Optional - Use this parameter to specify which fields you would like to get back in the response. Fields that are not named are excluded. Specify subfields in brackets and multiple fields in the same object are separated by commas.

Table 197: POST /siem/offenses/{offense_id} Response Codes

HTTP Response Code

Unique Code

Description

200

 

The offense was updated.

403

1009

User does not have the required capability to assign an offense.

404

1002

No offense was found for the provided offense_id.

409

1008

Request cannot be completed due to the state of the offense.

422

1005

A request parameter is not valid.

500

1020

An error occurred while the offense was being updated.

Response Description

An updated Offense object. An Offense object contains the following fields:

  • id - Number - The ID of the offense.

  • description - String - The description of the offense.

  • assigned_to - String - The user the offense is assigned to.

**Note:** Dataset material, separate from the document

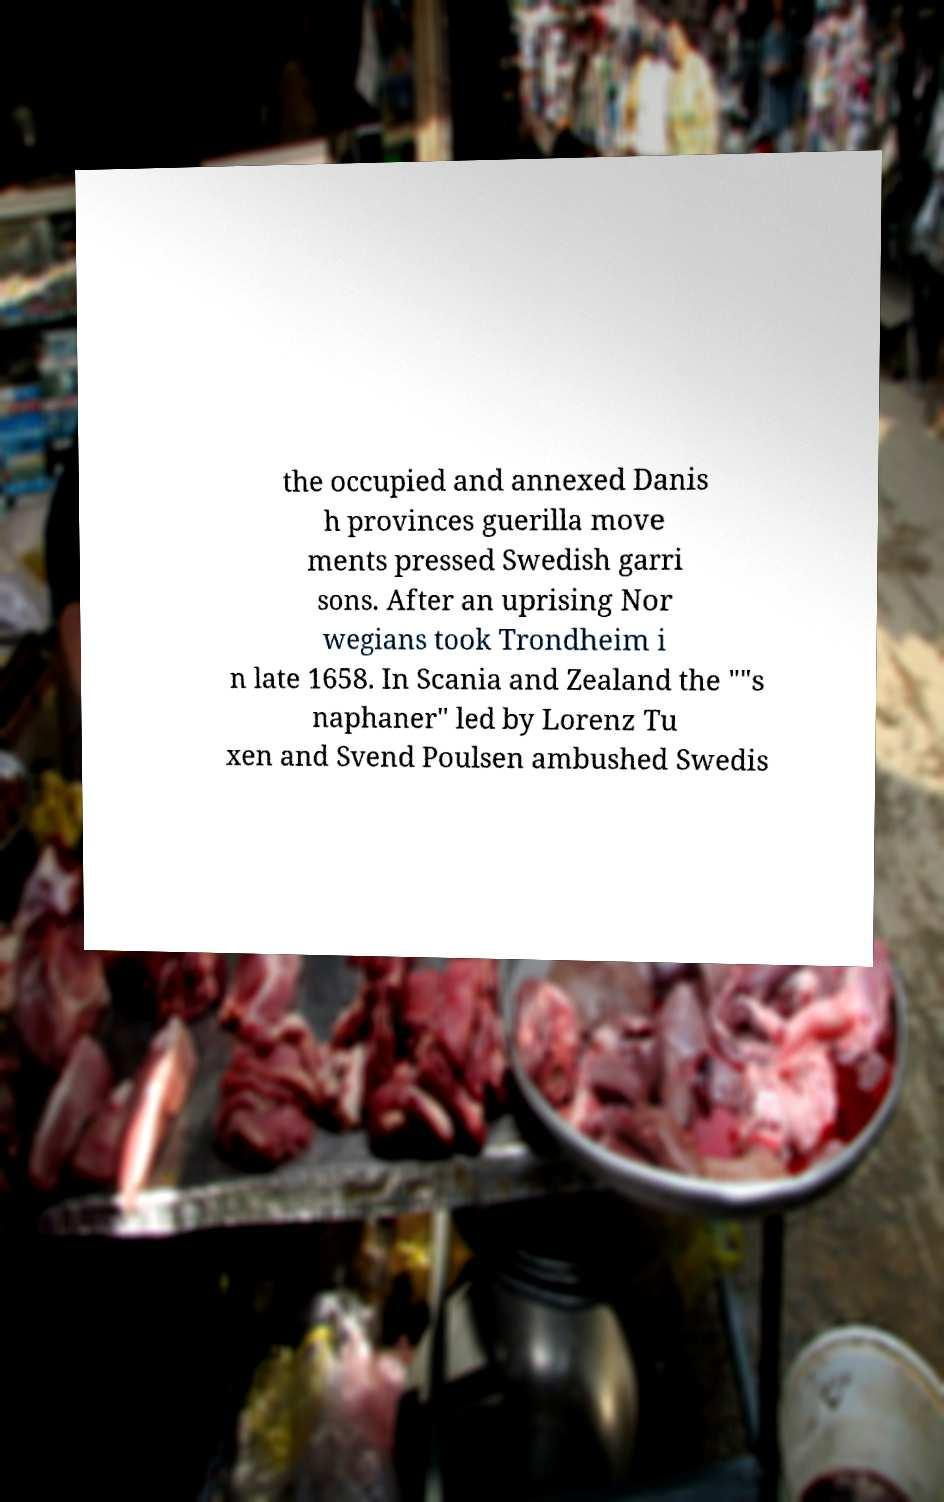Can you read and provide the text displayed in the image?This photo seems to have some interesting text. Can you extract and type it out for me? the occupied and annexed Danis h provinces guerilla move ments pressed Swedish garri sons. After an uprising Nor wegians took Trondheim i n late 1658. In Scania and Zealand the ""s naphaner" led by Lorenz Tu xen and Svend Poulsen ambushed Swedis

  • categories - Array of strings - Event categories that are associated with the offense.

  • category_count - Number - The number of event categories that are associated with the offense.

  • policy_category_count - Number - The number of policy event categories that are associated with the offense.

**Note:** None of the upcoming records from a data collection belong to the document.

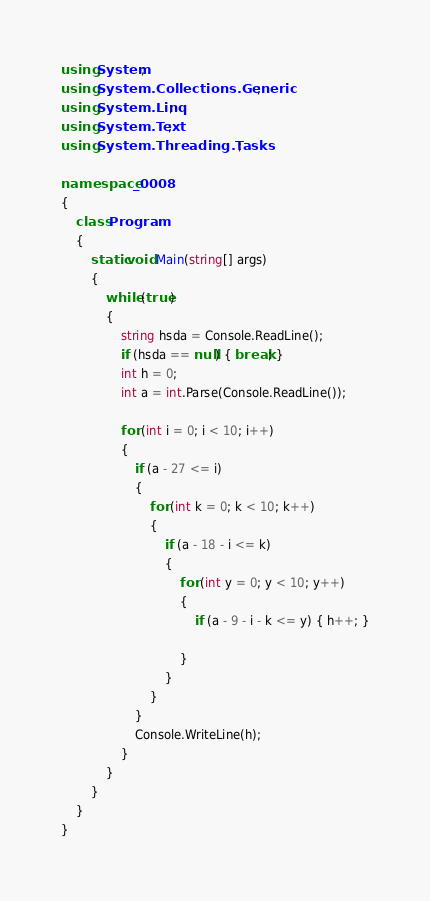<code> <loc_0><loc_0><loc_500><loc_500><_C#_>using System;
using System.Collections.Generic;
using System.Linq;
using System.Text;
using System.Threading.Tasks;

namespace _0008
{
    class Program
    {
        static void Main(string[] args)
        {
            while (true)
            {
                string hsda = Console.ReadLine();
                if (hsda == null) { break; }
                int h = 0;
                int a = int.Parse(Console.ReadLine());
                
                for (int i = 0; i < 10; i++)
                {
                    if (a - 27 <= i)
                    {
                        for (int k = 0; k < 10; k++)
                        {
                            if (a - 18 - i <= k)
                            {
                                for (int y = 0; y < 10; y++)
                                {
                                    if (a - 9 - i - k <= y) { h++; }
                                      
                                }
                            }
                        }
                    }
                    Console.WriteLine(h);
                }
            }
        }
    }
}</code>

  • security_category_count - Number - The number of security event categories that are associated with the offense.

  • close_time - Number - The number of milliseconds since epoch when the offense was closed.

  • closing_user - String - The user that closed the offense.

  • closing_reason_id - Number - The ID of the offense closing reason. The reason the offense was closed.

  • credibility - Number - The credibility of the offense.

  • relevance - Number - The relevance of the offense.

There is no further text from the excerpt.